We haven’t even touched on the fact that over here in the UK, with HBOS openly in merger talks, whatever shorts there were on Wednesday morning got badly burned without the need for FSA intervention. Lex has its own take on how the market regulates short selling by itself.
Bronte Capital spots another unintended consequence of banning short selling:
Last I looked when I was short a stock the broker borrowed the stock (yes, Virgina you do get a borrow) and sold it. They then had cash.
That cash was not available to me – it was pledged to whoever provided the stock to remove or reduce the risk that the stock won’t be returned.
That means it is generally available to the broker (who will generally lend me the stock from their inventory or margin or prime broker clients).
Now there are a few hundred billion of short-sales out there. Probably more than normal – but a lot in almost all markets.
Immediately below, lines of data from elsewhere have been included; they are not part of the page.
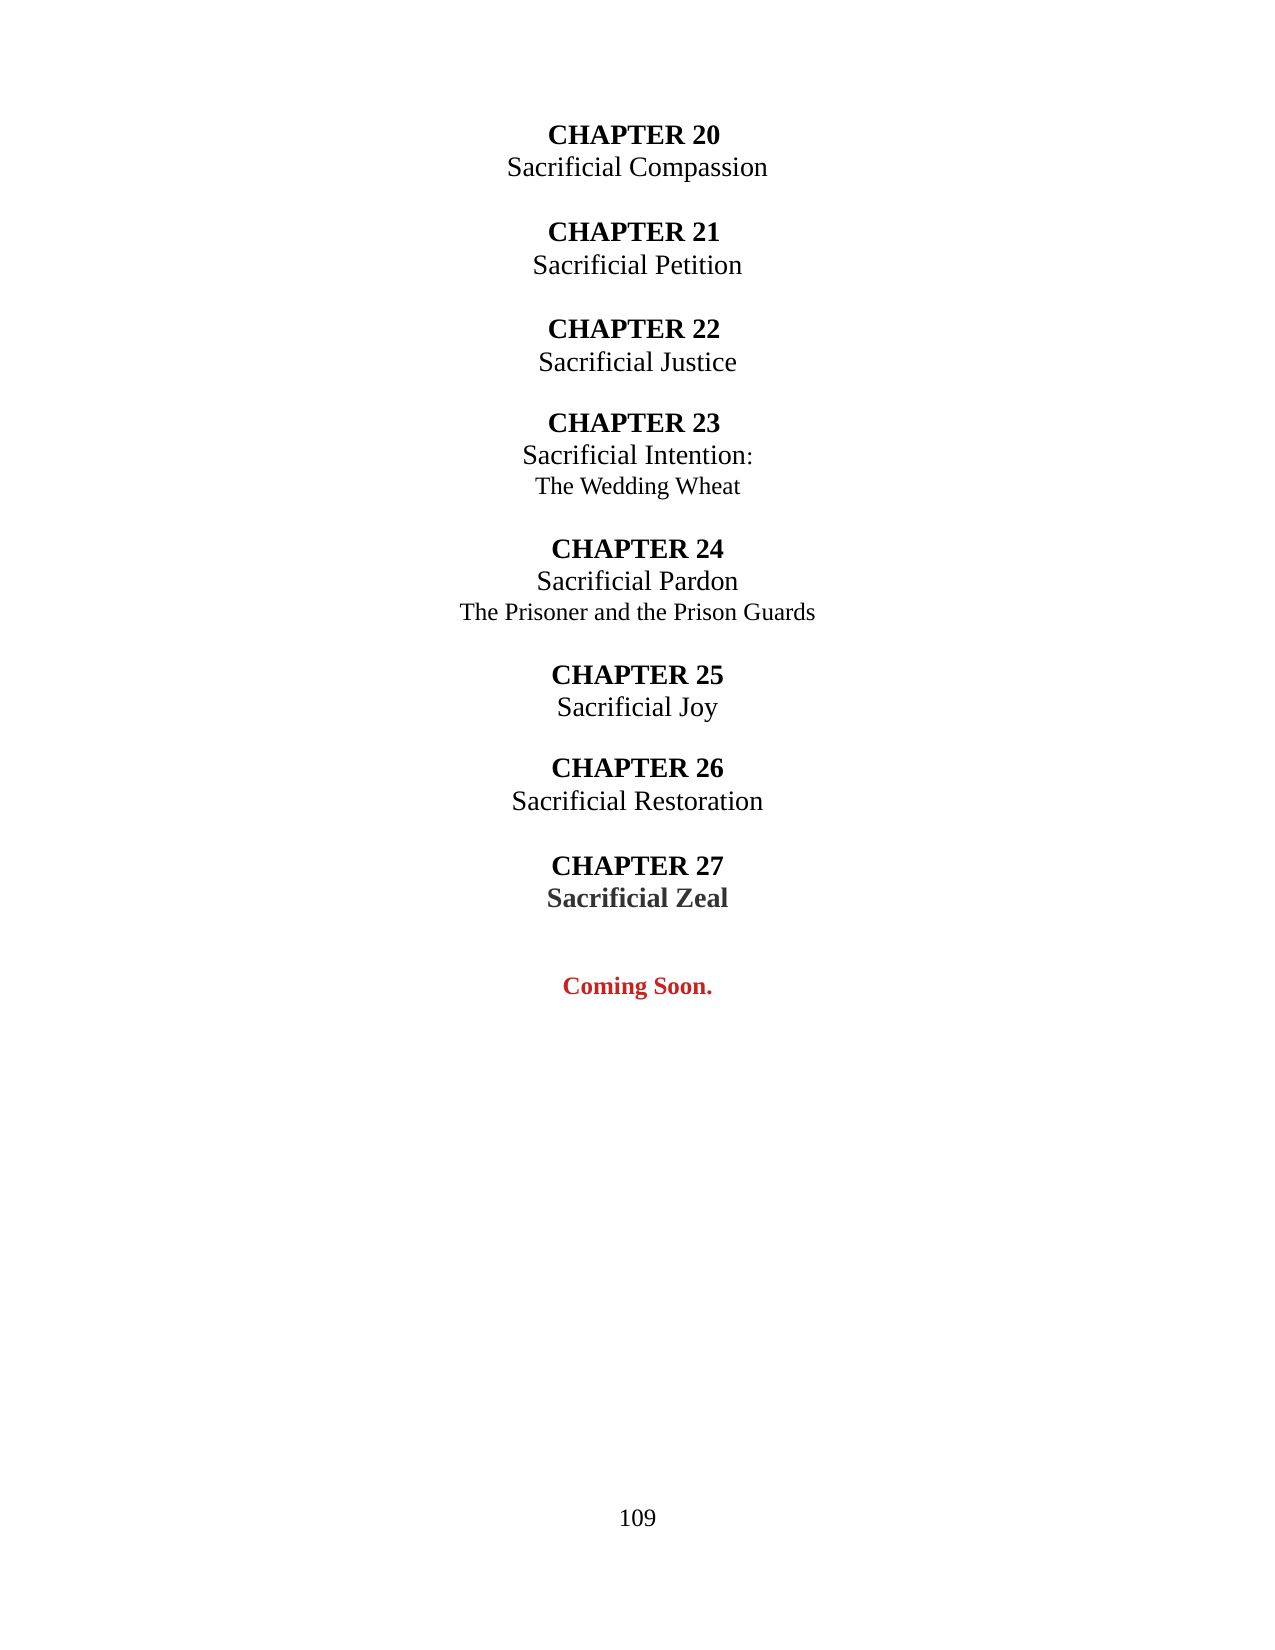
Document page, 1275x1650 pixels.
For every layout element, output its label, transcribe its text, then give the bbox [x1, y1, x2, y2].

text Sacrificial Joy [118, 690, 1157, 723]
text Sacrificial Compassion [118, 151, 1157, 183]
text CHAPTER 22 [118, 312, 1157, 345]
text CHAPTER 21 [118, 215, 1157, 248]
text Sacrificial Pardon [118, 564, 1157, 597]
text CHAPTER 27 [118, 849, 1157, 881]
text CHAPTER 20 [118, 118, 1157, 151]
text Sacrificial Justice [118, 345, 1157, 377]
text Sacrificial Zeal [118, 881, 1157, 913]
text Sacrificial Petition [118, 248, 1157, 280]
text CHAPTER 26 [118, 751, 1157, 784]
text CHAPTER 24 [118, 532, 1157, 564]
text CHAPTER 25 [118, 658, 1157, 690]
text Sacrificial Restoration [118, 784, 1157, 816]
text Coming Soon. [118, 971, 1157, 1000]
text The Prisoner and the Prison Guards [118, 597, 1157, 626]
text CHAPTER 23 [118, 406, 1157, 438]
text The Wedding Wheat [118, 471, 1157, 499]
text Sacrificial Intention: [118, 438, 1157, 471]

And those short sales produce cash balances of a few hundred billion, most of which are available to Wall Street brokers.
This is all back of the envelope, but we’re clearly talking very large numbers.
A final datapoint, this one from Yves Smith. A ban on financial shorting is not merely a ban on shorting a small section of the market in the US. It’s a ban on a stock universe covering 40 per cent of earnings on the S&P 500.
A quick look at the FTSE in its final hour. It’s up 9.6 per cent. The biggest daily rise in its entire history. On what news?
Are banks safer? Have money markets come unstuck? Are mortgage assets recovering? No, No, No.
Unless the US Treasury really does announce a plan to put taxpayers on the hook to billions of dollars of risky mortgage assets this weekend, this rally will have been utterly unfounded.